Lead Line Cook Expectations and Responsibilities
Do you know how to work a wood-fired pizza oven? Do you have a good sense of humor?
Roberta’s is looking for an up-and-coming line cook to assist our chef in running a quick-service kitchen that does lots of scratch cooking. Candidates who are positive, upbeat and enthusiastic about leading a team through service will be given strong consideration.
In general, a Lead Line Cook acts as the Chefs’ eyes and ears in the kitchen, as well as the Chefs’ proxy in their absence. The Lead Line Cook should be a leader-by-example at all times and set a standard of conduct in the kitchen and around the restaurant. They should know the prescribed methods of working in our kitchens and be able to respectfully and confidently correct other cooks when they are not working within Roberta’s methods or up to our standards.

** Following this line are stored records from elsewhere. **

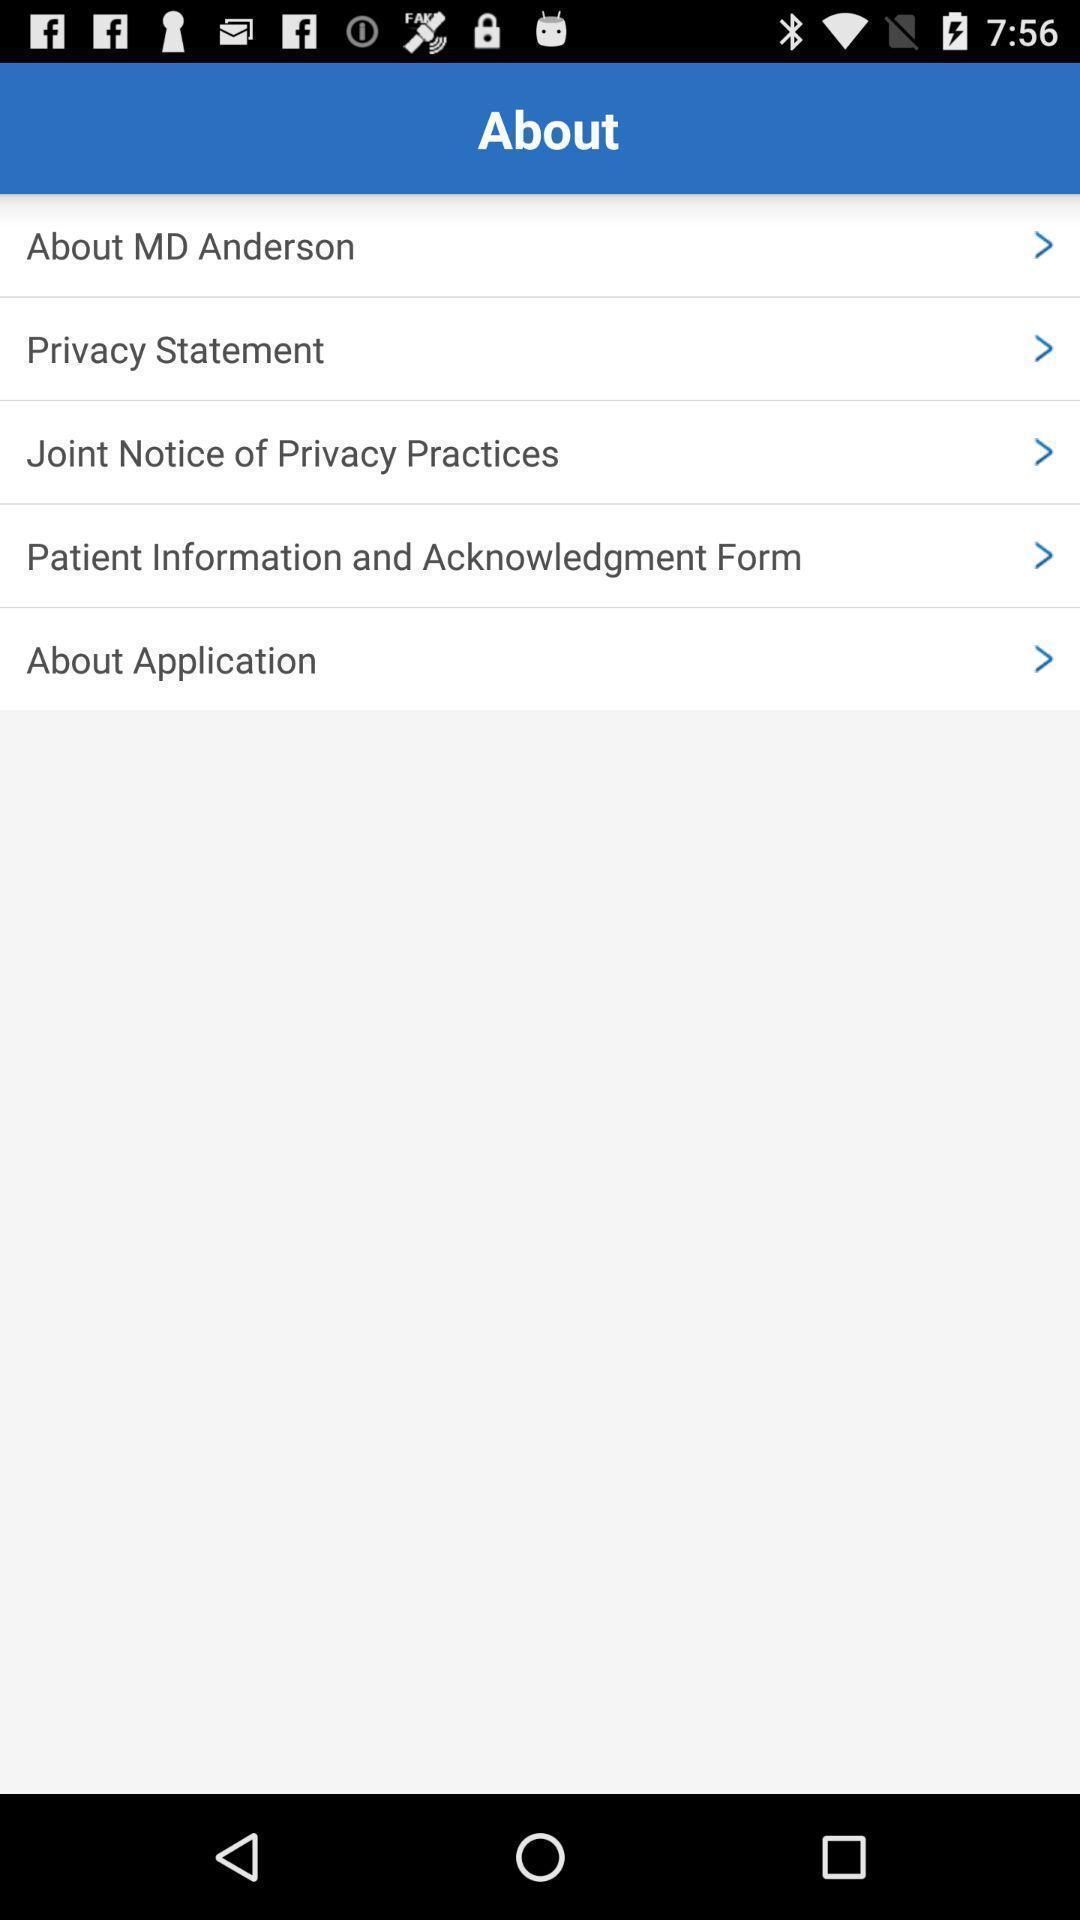Describe this image in words. Page displays about an application. 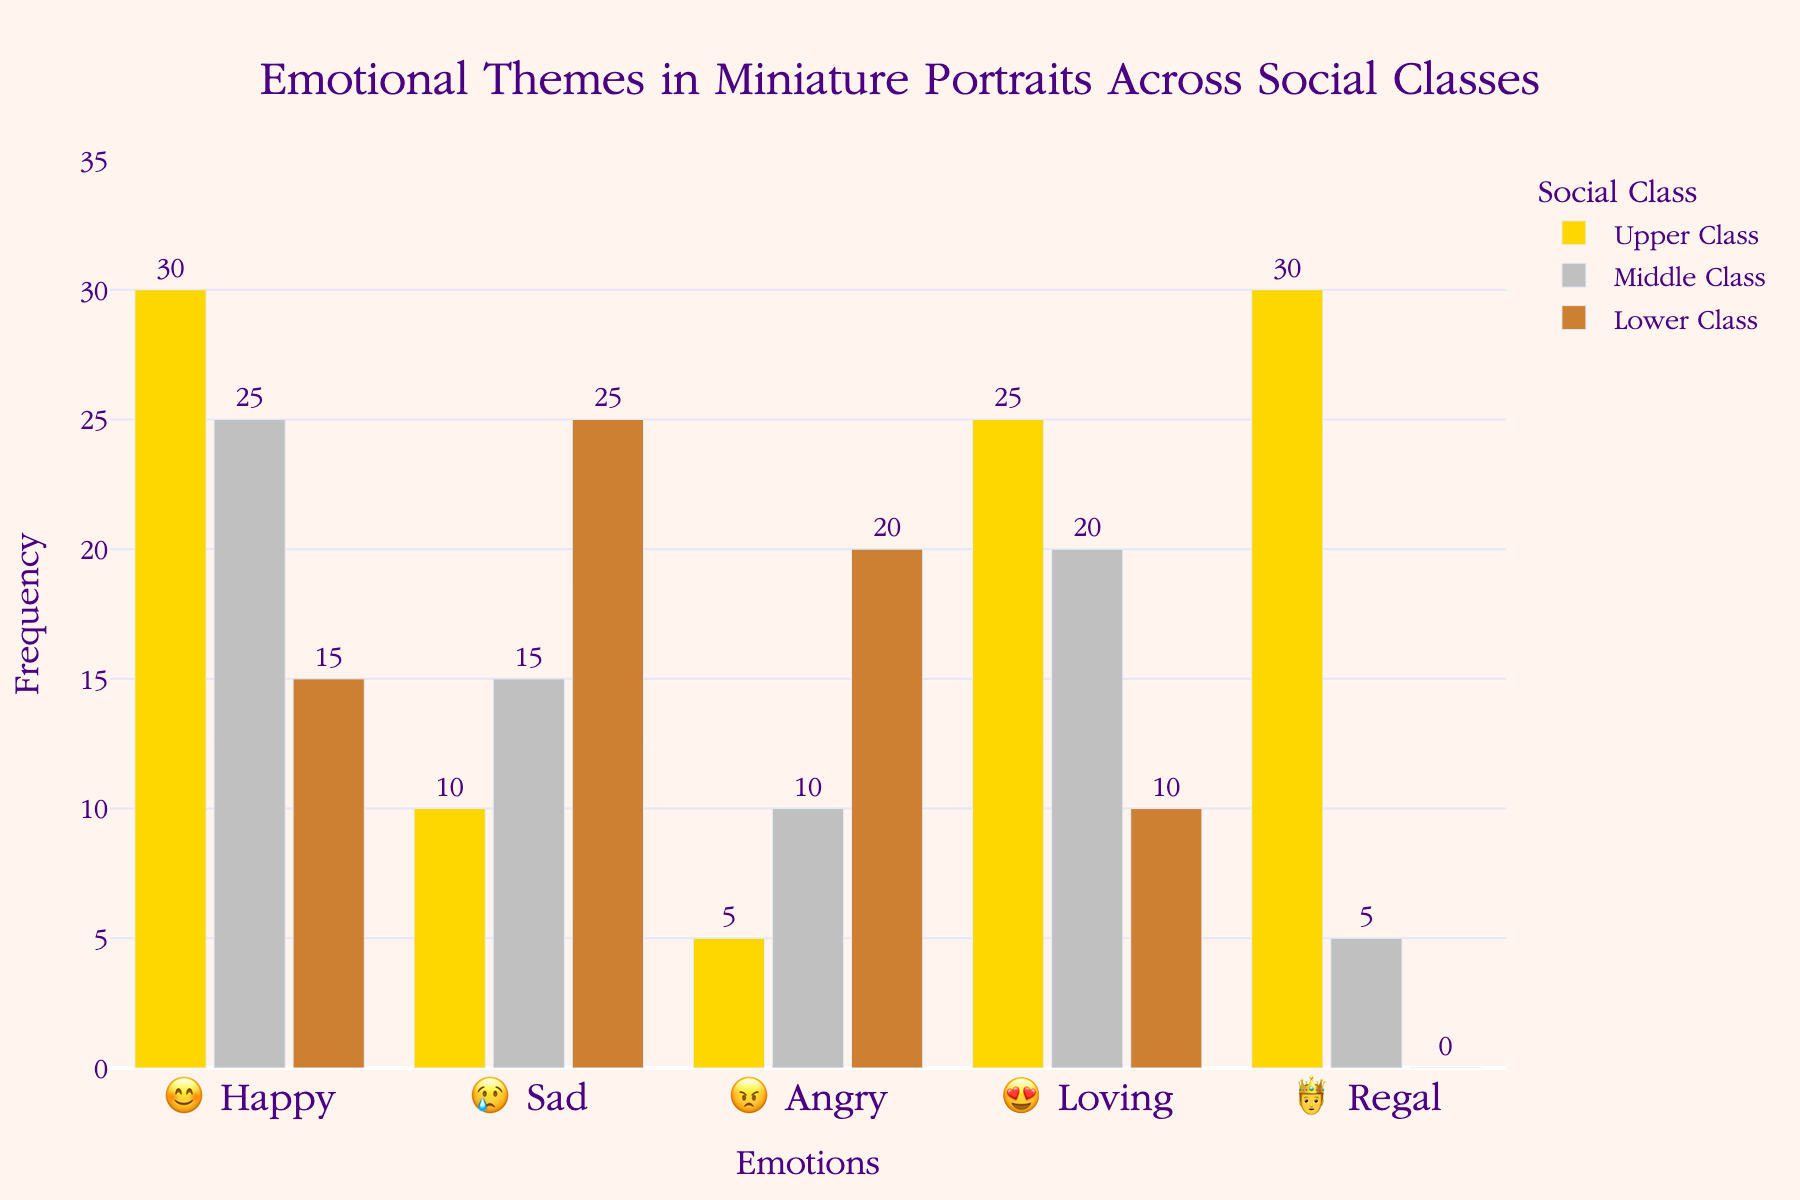What's the title of the chart? At the top center of the chart, the title reads "Emotional Themes in Miniature Portraits Across Social Classes".
Answer: Emotional Themes in Miniature Portraits Across Social Classes Which social class has the highest frequency for the "😍 Loving" emotion? By looking at the bars for the "😍 Loving" emotion, the tallest bar is for the Upper Class.
Answer: Upper Class What is the total frequency of the "😊 Happy" emotion across all social classes? Summing up the frequencies for "😊 Happy" in Upper Class (30), Middle Class (25), and Lower Class (15) gives 30 + 25 + 15 = 70.
Answer: 70 Compare the frequency of the "😢 Sad" emotion in the Lower Class and Middle Class. Which is higher? The "😢 Sad" emotion frequency is 25 for the Lower Class and 15 for the Middle Class. Since 25 > 15, the Lower Class is higher.
Answer: Lower Class What is the difference in frequency for the "🤴 Regal" emotion between the Upper Class and Middle Class? Subtracting the Middle Class frequency (5) from the Upper Class frequency (30) for "🤴 Regal" gives 30 - 5 = 25.
Answer: 25 What color represents the Middle Class in the chart? The legend indicates the bar for the Middle Class is colored in silver/gray.
Answer: silver/gray What's the average frequency of emotions depicted in the Lower Class? Summing up all the frequencies for the Lower Class (15, 25, 20, 10, 0) gives 70. Dividing this by the number of emotions (5) gives 70 / 5 = 14.
Answer: 14 Which emotion has zero representation in the Lower Class? Looking at the bars, the "🤴 Regal" emotion has a frequency of 0 for the Lower Class.
Answer: 🤴 Regal Which emotional theme is depicted mostly by the Upper Class? The tallest bar in the Upper Class category corresponds to the "😊 Happy" and "🤴 Regal" emotions, both at 30.
Answer: 😊 Happy and 🤴 Regal

Specific expectations and responsibilities of the Lead Line Cook position:
- Answer other cooks’ questions or get the answer from a Chef when the Lead Line Cook is unable to provide one.
- Run service in a chef’s absence.
- Set a menu for service in a Chef’s absence, making necessary adjustments according to product availability or seasonal menu changes.
- Master all stations within their respective kitchens, including expo, register and oven.
- Set up and shut down the kitchen, delegating tasks for the most efficient operation.
- Train new hires and trails.
- Expectations:
○ Ability to work all stations
○ Complete prep lists and execute all prep as needed.
○ Complete basic vendor orders
○ Complete prep lists and execute all prep as needed.